Stored data:
↓↓↓
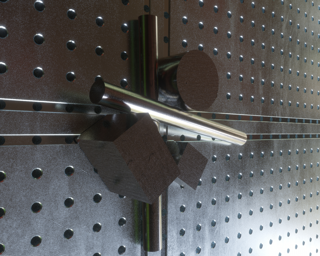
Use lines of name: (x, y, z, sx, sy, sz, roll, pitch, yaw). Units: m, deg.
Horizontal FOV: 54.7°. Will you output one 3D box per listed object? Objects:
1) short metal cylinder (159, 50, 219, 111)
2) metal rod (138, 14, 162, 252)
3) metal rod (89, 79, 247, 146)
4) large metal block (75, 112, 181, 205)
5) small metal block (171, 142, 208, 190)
short metal cylinder: (0.035, -0.062, 0.424, 0.081, 0.050, 0.079, 0, 90, -40)
metal rod: (-0.013, 0.007, 0.401, 0.025, 0.025, 0.298, -2, 92, -40)
metal rod: (0.037, -0.009, 0.418, 0.302, 0.025, 0.025, 15, 80, -47)
large metal block: (-0.036, 0.031, 0.343, 0.050, 0.080, 0.080, -42, 116, -32)
small metal block: (0.037, 0.054, 0.443, 0.050, 0.025, 0.050, 41, 65, -33)
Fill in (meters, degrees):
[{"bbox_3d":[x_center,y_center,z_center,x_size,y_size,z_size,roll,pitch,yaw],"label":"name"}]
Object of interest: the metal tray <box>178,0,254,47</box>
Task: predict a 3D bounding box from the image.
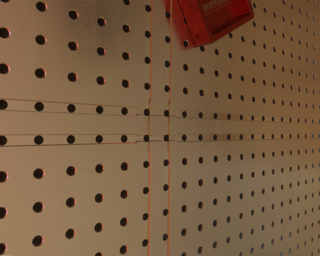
[{"bbox_3d":[0.090,-0.192,0.480,0.131,0.030,0.090,-37,113,-34],"label":"metal tray"}]
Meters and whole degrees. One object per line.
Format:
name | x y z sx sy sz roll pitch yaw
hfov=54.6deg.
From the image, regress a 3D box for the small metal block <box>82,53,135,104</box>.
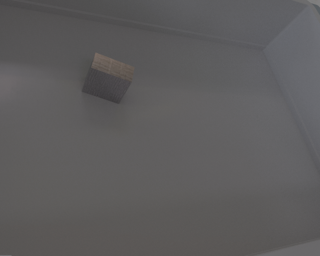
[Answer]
small metal block | -0.066 -0.061 0.391 0.050 0.050 0.025 18 55 -18
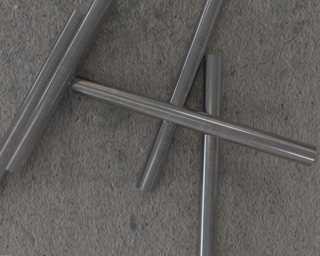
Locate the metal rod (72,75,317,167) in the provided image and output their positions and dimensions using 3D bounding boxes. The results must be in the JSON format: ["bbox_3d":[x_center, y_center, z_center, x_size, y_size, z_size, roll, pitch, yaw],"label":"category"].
[{"bbox_3d":[0.031,-0.013,0.380,0.301,0.025,0.025,18,90,11],"label":"metal rod"}]

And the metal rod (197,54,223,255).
[{"bbox_3d":[0.066,0.055,0.410,0.025,0.025,0.298,2,90,0],"label":"metal rod"}]

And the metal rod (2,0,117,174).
[{"bbox_3d":[-0.116,-0.079,0.394,0.025,0.025,0.299,29,90,0],"label":"metal rod"}]

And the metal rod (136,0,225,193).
[{"bbox_3d":[0.032,-0.059,0.409,0.025,0.025,0.299,20,90,0],"label":"metal rod"}]

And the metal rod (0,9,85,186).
[{"bbox_3d":[-0.175,-0.018,0.408,0.025,0.025,0.299,28,90,0],"label":"metal rod"}]
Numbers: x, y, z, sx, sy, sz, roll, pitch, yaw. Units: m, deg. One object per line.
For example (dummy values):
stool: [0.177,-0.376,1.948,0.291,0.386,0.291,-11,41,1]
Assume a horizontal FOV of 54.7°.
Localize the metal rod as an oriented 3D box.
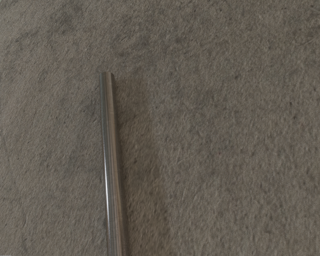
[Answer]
metal rod: [-0.063,0.040,0.411,0.025,0.025,0.299,-21,54,15]
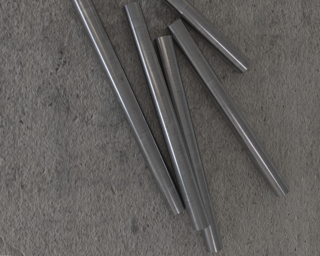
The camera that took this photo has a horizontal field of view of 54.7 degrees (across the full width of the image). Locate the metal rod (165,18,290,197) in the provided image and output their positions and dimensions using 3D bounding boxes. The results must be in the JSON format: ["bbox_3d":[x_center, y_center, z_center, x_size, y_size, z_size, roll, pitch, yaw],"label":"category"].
[{"bbox_3d":[0.102,-0.021,0.446,0.025,0.025,0.299,-39,103,-16],"label":"metal rod"}]

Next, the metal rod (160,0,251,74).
[{"bbox_3d":[0.010,-0.178,0.412,0.301,0.025,0.025,38,78,-16],"label":"metal rod"}]

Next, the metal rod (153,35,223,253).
[{"bbox_3d":[0.040,0.025,0.423,0.025,0.025,0.298,-16,96,-19],"label":"metal rod"}]

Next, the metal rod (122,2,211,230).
[{"bbox_3d":[0.009,-0.013,0.402,0.025,0.025,0.298,-19,93,-19],"label":"metal rod"}]

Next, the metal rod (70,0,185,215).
[{"bbox_3d":[-0.037,-0.024,0.395,0.025,0.025,0.299,-27,99,-18],"label":"metal rod"}]
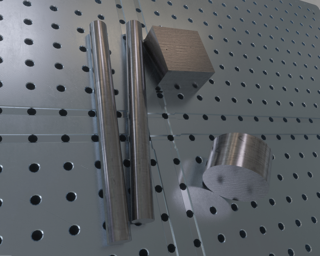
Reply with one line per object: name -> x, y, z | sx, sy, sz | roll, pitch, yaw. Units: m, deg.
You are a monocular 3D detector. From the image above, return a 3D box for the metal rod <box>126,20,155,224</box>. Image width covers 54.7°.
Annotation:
metal rod -> -0.030, -0.029, 0.409 | 0.025, 0.025, 0.299 | 9, 58, -24

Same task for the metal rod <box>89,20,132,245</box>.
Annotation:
metal rod -> -0.066, -0.015, 0.382 | 0.025, 0.025, 0.299 | 4, 60, -26

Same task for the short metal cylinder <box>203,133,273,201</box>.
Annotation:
short metal cylinder -> 0.100, 0.051, 0.396 | 0.080, 0.080, 0.050 | 30, 52, -10

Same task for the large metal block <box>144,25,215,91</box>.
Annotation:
large metal block -> 0.025, -0.103, 0.468 | 0.081, 0.050, 0.080 | -4, 64, -30
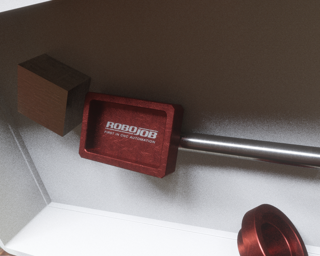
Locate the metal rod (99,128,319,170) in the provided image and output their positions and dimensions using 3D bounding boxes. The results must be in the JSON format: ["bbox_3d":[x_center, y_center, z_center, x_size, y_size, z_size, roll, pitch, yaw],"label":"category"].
[{"bbox_3d":[0.042,0.018,0.396,0.301,0.025,0.025,7,121,24],"label":"metal rod"}]

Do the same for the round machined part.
[{"bbox_3d":[0.134,0.148,0.381,0.098,0.098,0.042,45,126,-4],"label":"round machined part"}]

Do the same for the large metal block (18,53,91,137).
[{"bbox_3d":[-0.152,-0.047,0.441,0.080,0.050,0.079,28,128,10],"label":"large metal block"}]

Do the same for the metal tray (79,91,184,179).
[{"bbox_3d":[-0.040,0.005,0.401,0.130,0.030,0.089,11,96,24],"label":"metal tray"}]
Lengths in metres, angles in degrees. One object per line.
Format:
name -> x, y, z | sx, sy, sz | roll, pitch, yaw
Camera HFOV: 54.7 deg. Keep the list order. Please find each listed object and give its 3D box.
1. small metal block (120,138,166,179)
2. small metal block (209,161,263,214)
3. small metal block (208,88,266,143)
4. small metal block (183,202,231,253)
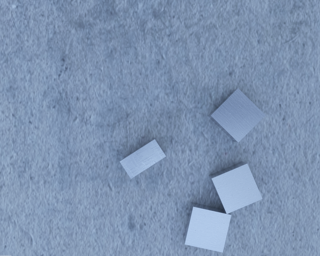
small metal block -> -0.021, 0.037, 0.397 | 0.050, 0.050, 0.025 | -33, 90, 0
small metal block -> 0.099, 0.078, 0.411 | 0.050, 0.025, 0.050 | -23, 90, -1
small metal block -> 0.101, -0.016, 0.411 | 0.050, 0.025, 0.050 | 45, 90, -1
small metal block -> 0.062, 0.131, 0.411 | 0.050, 0.025, 0.050 | 13, 90, -1
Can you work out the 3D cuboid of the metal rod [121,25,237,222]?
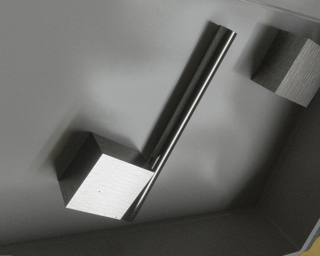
[{"bbox_3d":[0.017,0.005,0.422,0.025,0.025,0.298,16,110,-35],"label":"metal rod"}]

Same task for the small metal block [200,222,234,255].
[{"bbox_3d":[0.112,0.218,0.611,0.050,0.025,0.050,-5,121,-26],"label":"small metal block"}]

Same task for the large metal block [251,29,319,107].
[{"bbox_3d":[0.194,-0.085,0.449,0.081,0.050,0.080,14,111,-35],"label":"large metal block"}]

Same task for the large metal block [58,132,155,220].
[{"bbox_3d":[-0.069,0.063,0.395,0.080,0.050,0.080,27,103,-38],"label":"large metal block"}]
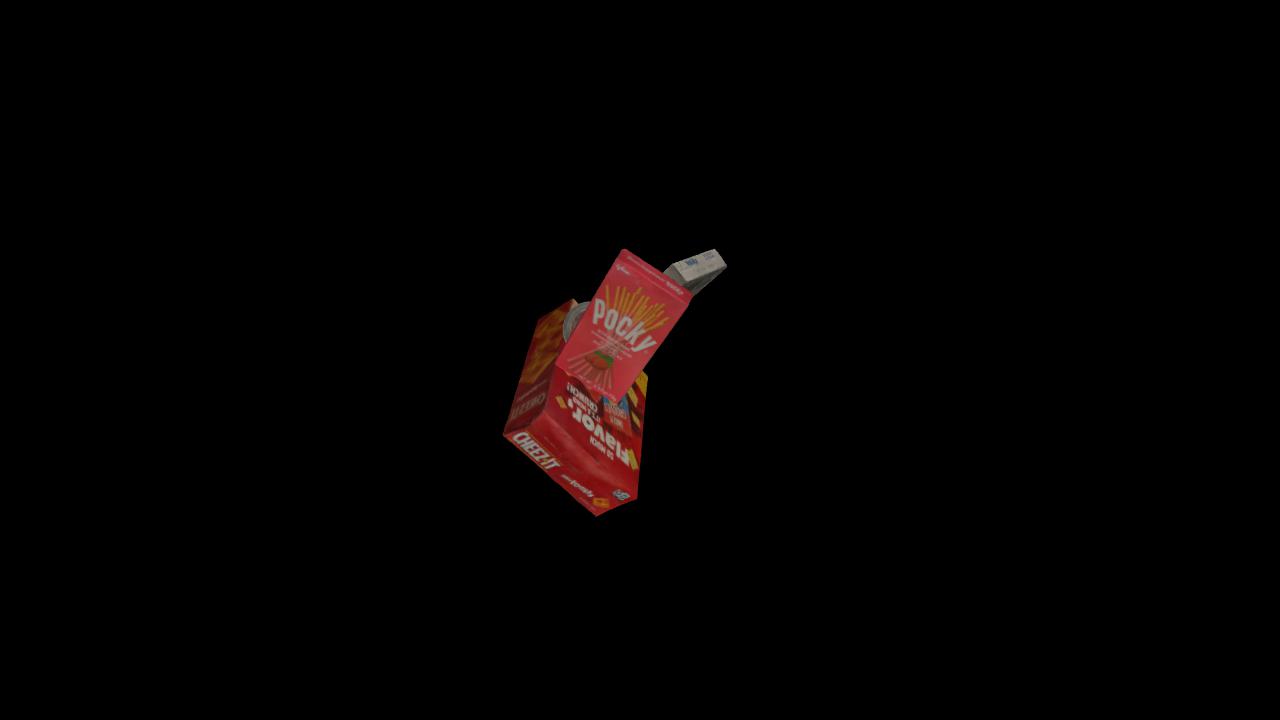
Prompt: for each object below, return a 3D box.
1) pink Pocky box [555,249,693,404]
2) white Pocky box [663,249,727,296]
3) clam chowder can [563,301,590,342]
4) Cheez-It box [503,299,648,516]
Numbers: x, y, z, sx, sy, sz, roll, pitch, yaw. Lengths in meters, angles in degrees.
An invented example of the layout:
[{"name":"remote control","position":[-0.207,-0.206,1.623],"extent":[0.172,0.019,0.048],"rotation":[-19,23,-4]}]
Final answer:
↑↑↑
Exactly as they appear above, give the records again, without their pictures.

Use lines of name: (x, y, z, sx, sy, sz, roll, pitch, yaw). Units: m, deg.
Horizontal FOV: 54.7°. Will you output one 3D box per listed object? Objects:
1) short metal cylinder (159, 50, 219, 111)
2) metal rod (138, 14, 162, 252)
3) metal rod (89, 79, 247, 146)
4) large metal block (75, 112, 181, 205)
5) small metal block (171, 142, 208, 190)
short metal cylinder: (0.035, -0.062, 0.424, 0.081, 0.050, 0.079, 0, 90, -40)
metal rod: (-0.013, 0.007, 0.401, 0.025, 0.025, 0.298, -2, 92, -40)
metal rod: (0.037, -0.009, 0.418, 0.302, 0.025, 0.025, 15, 80, -47)
large metal block: (-0.036, 0.031, 0.343, 0.050, 0.080, 0.080, -42, 116, -32)
small metal block: (0.037, 0.054, 0.443, 0.050, 0.025, 0.050, 41, 65, -33)
Fill in (meters, degrees):
[{"bbox_3d":[x_center,y_center,z_center,x_size,y_size,z_size,roll,pitch,yaw],"label":"name"}]
Object of interest: the metal tray <box>178,0,254,47</box>
Task: predict a 3D bounding box from the image.
[{"bbox_3d":[0.090,-0.192,0.480,0.131,0.030,0.090,-37,113,-34],"label":"metal tray"}]
Meters and whole degrees. One object per line.
Format:
name | x y z sx sy sz roll pitch yaw
hfov=54.6deg.
From the image, regress a 3D box for the small metal block <box>82,53,135,104</box>.
[Answer]
small metal block | -0.066 -0.061 0.391 0.050 0.050 0.025 18 55 -18
Locate the metal rod (72,75,317,167) in the provided image and output their positions and dimensions using 3D bounding boxes. The results must be in the JSON format: ["bbox_3d":[x_center, y_center, z_center, x_size, y_size, z_size, roll, pitch, yaw],"label":"category"].
[{"bbox_3d":[0.031,-0.013,0.380,0.301,0.025,0.025,18,90,11],"label":"metal rod"}]

And the metal rod (197,54,223,255).
[{"bbox_3d":[0.066,0.055,0.410,0.025,0.025,0.298,2,90,0],"label":"metal rod"}]

And the metal rod (2,0,117,174).
[{"bbox_3d":[-0.116,-0.079,0.394,0.025,0.025,0.299,29,90,0],"label":"metal rod"}]

And the metal rod (136,0,225,193).
[{"bbox_3d":[0.032,-0.059,0.409,0.025,0.025,0.299,20,90,0],"label":"metal rod"}]

And the metal rod (0,9,85,186).
[{"bbox_3d":[-0.175,-0.018,0.408,0.025,0.025,0.299,28,90,0],"label":"metal rod"}]
Numbers: x, y, z, sx, sy, sz, roll, pitch, yaw. Units: m, deg. One object per line.
For example (dummy values):
stool: [0.177,-0.376,1.948,0.291,0.386,0.291,-11,41,1]
Assume a horizontal FOV of 54.7°.
Localize the metal rod as an oriented 3D box.
[Answer]
metal rod: [-0.063,0.040,0.411,0.025,0.025,0.299,-21,54,15]
The camera that took this photo has a horizontal field of view of 54.7 degrees (across the full width of the image). Locate the metal rod (165,18,290,197) in the provided image and output their positions and dimensions using 3D bounding boxes. The results must be in the JSON format: ["bbox_3d":[x_center, y_center, z_center, x_size, y_size, z_size, roll, pitch, yaw],"label":"category"].
[{"bbox_3d":[0.102,-0.021,0.446,0.025,0.025,0.299,-39,103,-16],"label":"metal rod"}]

Next, the metal rod (160,0,251,74).
[{"bbox_3d":[0.010,-0.178,0.412,0.301,0.025,0.025,38,78,-16],"label":"metal rod"}]

Next, the metal rod (153,35,223,253).
[{"bbox_3d":[0.040,0.025,0.423,0.025,0.025,0.298,-16,96,-19],"label":"metal rod"}]

Next, the metal rod (122,2,211,230).
[{"bbox_3d":[0.009,-0.013,0.402,0.025,0.025,0.298,-19,93,-19],"label":"metal rod"}]

Next, the metal rod (70,0,185,215).
[{"bbox_3d":[-0.037,-0.024,0.395,0.025,0.025,0.299,-27,99,-18],"label":"metal rod"}]
Reply with one line per object: name -> x, y, z | sx, sy, sz | roll, pitch, yaw. Units: m, deg.
You are a monocular 3D detector. From the image above, return a 3D box for the metal rod <box>126,20,155,224</box>. Image width covers 54.7°.
Annotation:
metal rod -> -0.030, -0.029, 0.409 | 0.025, 0.025, 0.299 | 9, 58, -24

Same task for the metal rod <box>89,20,132,245</box>.
Annotation:
metal rod -> -0.066, -0.015, 0.382 | 0.025, 0.025, 0.299 | 4, 60, -26

Same task for the short metal cylinder <box>203,133,273,201</box>.
Annotation:
short metal cylinder -> 0.100, 0.051, 0.396 | 0.080, 0.080, 0.050 | 30, 52, -10

Same task for the large metal block <box>144,25,215,91</box>.
Annotation:
large metal block -> 0.025, -0.103, 0.468 | 0.081, 0.050, 0.080 | -4, 64, -30
Locate the metal rod (99,128,319,170) in the provided image and output their positions and dimensions using 3D bounding boxes. The results must be in the JSON format: ["bbox_3d":[x_center, y_center, z_center, x_size, y_size, z_size, roll, pitch, yaw],"label":"category"].
[{"bbox_3d":[0.042,0.018,0.396,0.301,0.025,0.025,7,121,24],"label":"metal rod"}]

Do the same for the round machined part.
[{"bbox_3d":[0.134,0.148,0.381,0.098,0.098,0.042,45,126,-4],"label":"round machined part"}]

Do the same for the large metal block (18,53,91,137).
[{"bbox_3d":[-0.152,-0.047,0.441,0.080,0.050,0.079,28,128,10],"label":"large metal block"}]

Do the same for the metal tray (79,91,184,179).
[{"bbox_3d":[-0.040,0.005,0.401,0.130,0.030,0.089,11,96,24],"label":"metal tray"}]
Lengths in metres, angles in degrees. One object per line.
Format:
name -> x, y, z | sx, sy, sz | roll, pitch, yaw
Camera HFOV: 54.7 deg. Keep the list order. Please find each listed object and give its 3D box.
1. small metal block (120,138,166,179)
2. small metal block (209,161,263,214)
3. small metal block (208,88,266,143)
4. small metal block (183,202,231,253)
small metal block -> -0.021, 0.037, 0.397 | 0.050, 0.050, 0.025 | -33, 90, 0
small metal block -> 0.099, 0.078, 0.411 | 0.050, 0.025, 0.050 | -23, 90, -1
small metal block -> 0.101, -0.016, 0.411 | 0.050, 0.025, 0.050 | 45, 90, -1
small metal block -> 0.062, 0.131, 0.411 | 0.050, 0.025, 0.050 | 13, 90, -1
Can you work out the 3D cuboid of the metal rod [121,25,237,222]?
[{"bbox_3d":[0.017,0.005,0.422,0.025,0.025,0.298,16,110,-35],"label":"metal rod"}]

Same task for the small metal block [200,222,234,255].
[{"bbox_3d":[0.112,0.218,0.611,0.050,0.025,0.050,-5,121,-26],"label":"small metal block"}]

Same task for the large metal block [251,29,319,107].
[{"bbox_3d":[0.194,-0.085,0.449,0.081,0.050,0.080,14,111,-35],"label":"large metal block"}]

Same task for the large metal block [58,132,155,220].
[{"bbox_3d":[-0.069,0.063,0.395,0.080,0.050,0.080,27,103,-38],"label":"large metal block"}]
Prompt: for each object below, return a 3D box.
1) pink Pocky box [555,249,693,404]
2) white Pocky box [663,249,727,296]
3) clam chowder can [563,301,590,342]
4) Cheez-It box [503,299,648,516]
Numbers: x, y, z, sx, sy, sz, roll, pitch, yaw. Lengths in meters, angles in degrees.
An invented example of the layout:
[{"name":"remote control","position":[-0.207,-0.206,1.623],"extent":[0.172,0.019,0.048],"rotation":[-19,23,-4]}]
Final answer:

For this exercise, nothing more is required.